**Extracted entries**
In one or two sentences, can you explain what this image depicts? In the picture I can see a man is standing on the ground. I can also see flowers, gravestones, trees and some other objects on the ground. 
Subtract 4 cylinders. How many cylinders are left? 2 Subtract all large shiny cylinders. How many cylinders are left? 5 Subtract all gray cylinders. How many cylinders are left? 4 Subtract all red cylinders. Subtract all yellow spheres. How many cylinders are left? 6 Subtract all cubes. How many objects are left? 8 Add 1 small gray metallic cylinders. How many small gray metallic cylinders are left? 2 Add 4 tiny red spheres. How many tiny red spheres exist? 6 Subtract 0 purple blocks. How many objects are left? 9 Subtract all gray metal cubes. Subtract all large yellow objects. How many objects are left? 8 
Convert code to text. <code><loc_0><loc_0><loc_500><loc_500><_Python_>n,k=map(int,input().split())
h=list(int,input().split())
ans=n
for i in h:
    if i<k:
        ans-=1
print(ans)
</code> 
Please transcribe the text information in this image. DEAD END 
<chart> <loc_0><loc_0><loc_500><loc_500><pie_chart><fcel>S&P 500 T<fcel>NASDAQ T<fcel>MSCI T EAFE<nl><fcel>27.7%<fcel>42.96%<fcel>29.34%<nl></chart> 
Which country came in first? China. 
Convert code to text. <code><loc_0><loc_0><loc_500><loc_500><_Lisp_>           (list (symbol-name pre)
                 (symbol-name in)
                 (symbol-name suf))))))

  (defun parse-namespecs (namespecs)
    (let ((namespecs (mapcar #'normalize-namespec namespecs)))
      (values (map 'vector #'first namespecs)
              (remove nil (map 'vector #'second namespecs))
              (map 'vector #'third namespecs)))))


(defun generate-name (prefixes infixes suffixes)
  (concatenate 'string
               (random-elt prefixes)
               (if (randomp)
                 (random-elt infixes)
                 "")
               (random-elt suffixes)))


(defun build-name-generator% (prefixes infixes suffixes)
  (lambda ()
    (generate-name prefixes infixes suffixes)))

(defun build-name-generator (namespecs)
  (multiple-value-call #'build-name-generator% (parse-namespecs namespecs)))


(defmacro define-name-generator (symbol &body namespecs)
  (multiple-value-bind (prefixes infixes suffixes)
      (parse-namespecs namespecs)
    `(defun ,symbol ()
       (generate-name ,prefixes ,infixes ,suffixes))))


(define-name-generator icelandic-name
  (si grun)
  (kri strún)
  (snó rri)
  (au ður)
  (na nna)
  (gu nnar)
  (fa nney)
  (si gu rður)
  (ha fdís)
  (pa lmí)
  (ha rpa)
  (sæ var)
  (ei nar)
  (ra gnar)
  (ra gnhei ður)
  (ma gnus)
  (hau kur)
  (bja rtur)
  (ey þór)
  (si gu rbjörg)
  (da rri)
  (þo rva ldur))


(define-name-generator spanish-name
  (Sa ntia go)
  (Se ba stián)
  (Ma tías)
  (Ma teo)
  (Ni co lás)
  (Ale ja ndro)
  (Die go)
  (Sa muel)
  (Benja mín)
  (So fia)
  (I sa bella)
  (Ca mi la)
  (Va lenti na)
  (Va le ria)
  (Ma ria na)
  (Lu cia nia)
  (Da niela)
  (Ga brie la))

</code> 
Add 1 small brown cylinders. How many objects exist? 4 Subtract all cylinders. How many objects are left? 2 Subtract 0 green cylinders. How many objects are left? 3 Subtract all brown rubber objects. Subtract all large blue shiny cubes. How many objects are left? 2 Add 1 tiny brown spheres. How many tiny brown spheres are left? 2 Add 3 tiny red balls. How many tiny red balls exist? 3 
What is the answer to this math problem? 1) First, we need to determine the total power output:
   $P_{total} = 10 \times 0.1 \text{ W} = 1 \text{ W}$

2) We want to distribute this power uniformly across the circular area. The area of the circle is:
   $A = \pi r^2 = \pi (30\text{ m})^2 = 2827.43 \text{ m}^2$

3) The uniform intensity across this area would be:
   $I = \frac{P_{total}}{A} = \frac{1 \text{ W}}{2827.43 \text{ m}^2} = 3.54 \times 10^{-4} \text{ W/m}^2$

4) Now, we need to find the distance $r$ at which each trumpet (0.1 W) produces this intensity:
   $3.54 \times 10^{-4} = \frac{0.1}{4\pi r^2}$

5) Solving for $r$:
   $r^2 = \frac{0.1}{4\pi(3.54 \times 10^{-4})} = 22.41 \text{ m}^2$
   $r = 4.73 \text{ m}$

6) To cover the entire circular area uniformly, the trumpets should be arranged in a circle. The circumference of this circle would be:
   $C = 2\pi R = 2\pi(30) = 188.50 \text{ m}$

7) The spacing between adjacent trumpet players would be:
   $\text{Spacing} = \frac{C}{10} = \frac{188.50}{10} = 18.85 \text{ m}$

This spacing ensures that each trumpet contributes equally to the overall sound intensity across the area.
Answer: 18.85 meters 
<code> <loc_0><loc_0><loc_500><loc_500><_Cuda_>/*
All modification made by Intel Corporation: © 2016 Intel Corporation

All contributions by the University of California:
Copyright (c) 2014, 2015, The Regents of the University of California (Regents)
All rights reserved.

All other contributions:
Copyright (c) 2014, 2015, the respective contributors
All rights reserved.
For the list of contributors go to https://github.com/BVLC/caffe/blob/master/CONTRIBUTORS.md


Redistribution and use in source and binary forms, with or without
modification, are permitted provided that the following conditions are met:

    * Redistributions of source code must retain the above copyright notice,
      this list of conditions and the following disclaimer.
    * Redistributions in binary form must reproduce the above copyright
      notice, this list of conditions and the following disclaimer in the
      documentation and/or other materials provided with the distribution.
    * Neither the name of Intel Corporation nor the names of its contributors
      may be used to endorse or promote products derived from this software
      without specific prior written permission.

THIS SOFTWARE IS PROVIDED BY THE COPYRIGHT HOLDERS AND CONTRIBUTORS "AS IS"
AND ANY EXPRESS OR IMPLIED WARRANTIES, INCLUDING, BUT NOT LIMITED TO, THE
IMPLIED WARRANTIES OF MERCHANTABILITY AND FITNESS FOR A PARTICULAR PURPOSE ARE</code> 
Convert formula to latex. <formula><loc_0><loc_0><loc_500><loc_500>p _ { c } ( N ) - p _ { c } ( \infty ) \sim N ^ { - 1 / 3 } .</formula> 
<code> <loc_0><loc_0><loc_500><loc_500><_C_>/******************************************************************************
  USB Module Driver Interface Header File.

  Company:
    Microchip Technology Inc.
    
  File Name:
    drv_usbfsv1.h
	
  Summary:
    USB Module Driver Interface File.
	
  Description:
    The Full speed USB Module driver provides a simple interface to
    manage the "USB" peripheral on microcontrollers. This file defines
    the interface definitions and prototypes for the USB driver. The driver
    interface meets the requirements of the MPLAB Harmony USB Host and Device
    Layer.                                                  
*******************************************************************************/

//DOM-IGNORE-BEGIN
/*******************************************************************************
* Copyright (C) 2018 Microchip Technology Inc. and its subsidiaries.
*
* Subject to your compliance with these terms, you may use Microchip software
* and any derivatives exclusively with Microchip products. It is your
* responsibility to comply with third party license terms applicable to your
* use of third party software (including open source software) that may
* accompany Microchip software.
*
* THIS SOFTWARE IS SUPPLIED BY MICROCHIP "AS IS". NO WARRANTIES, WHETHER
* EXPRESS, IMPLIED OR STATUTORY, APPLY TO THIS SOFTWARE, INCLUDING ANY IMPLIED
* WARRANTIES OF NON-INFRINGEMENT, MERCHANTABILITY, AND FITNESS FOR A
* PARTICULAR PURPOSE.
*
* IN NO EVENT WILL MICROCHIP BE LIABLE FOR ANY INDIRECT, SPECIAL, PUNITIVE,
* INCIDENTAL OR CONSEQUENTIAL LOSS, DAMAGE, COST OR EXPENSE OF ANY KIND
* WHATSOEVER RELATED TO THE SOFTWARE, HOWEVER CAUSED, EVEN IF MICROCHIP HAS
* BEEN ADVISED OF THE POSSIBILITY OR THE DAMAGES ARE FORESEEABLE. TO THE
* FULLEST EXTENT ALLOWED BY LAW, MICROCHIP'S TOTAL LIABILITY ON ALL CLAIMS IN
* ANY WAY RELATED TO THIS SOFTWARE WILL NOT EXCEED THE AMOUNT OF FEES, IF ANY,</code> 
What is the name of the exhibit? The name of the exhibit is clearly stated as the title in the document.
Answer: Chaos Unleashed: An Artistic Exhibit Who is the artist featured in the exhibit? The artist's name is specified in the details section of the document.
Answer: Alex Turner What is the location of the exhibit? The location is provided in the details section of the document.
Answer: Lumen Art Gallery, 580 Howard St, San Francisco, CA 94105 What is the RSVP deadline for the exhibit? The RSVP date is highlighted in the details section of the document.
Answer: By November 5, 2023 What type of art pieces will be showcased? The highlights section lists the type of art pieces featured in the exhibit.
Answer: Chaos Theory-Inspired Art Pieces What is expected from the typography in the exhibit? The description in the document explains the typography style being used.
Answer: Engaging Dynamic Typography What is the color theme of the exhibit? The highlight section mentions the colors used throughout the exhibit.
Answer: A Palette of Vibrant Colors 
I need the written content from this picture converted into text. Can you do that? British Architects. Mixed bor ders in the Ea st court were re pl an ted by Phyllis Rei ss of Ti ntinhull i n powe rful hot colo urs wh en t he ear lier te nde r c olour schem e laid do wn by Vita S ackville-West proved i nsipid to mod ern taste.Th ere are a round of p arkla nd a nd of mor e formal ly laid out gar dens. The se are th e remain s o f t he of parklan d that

**Task directions**
In the listing above, the lines from the one containing "use Microchip software" through the one containing "IN NO EVENT" must be set down exactly, with no other lines.

**Task output**
* Subject to your compliance with these terms, you may use Microchip software
* and any derivatives exclusively with Microchip products. It is your
* responsibility to comply with third party license terms applicable to your
* use of third party software (including open source software) that may
* accompany Microchip software.
*
* THIS SOFTWARE IS SUPPLIED BY MICROCHIP "AS IS". NO WARRANTIES, WHETHER
* EXPRESS, IMPLIED OR STATUTORY, APPLY TO THIS SOFTWARE, INCLUDING ANY IMPLIED
* WARRANTIES OF NON-INFRINGEMENT, MERCHANTABILITY, AND FITNESS FOR A
* PARTICULAR PURPOSE.
*
* IN NO EVENT WILL MICROCHIP BE LIABLE FOR ANY INDIRECT, SPECIAL, PUNITIVE,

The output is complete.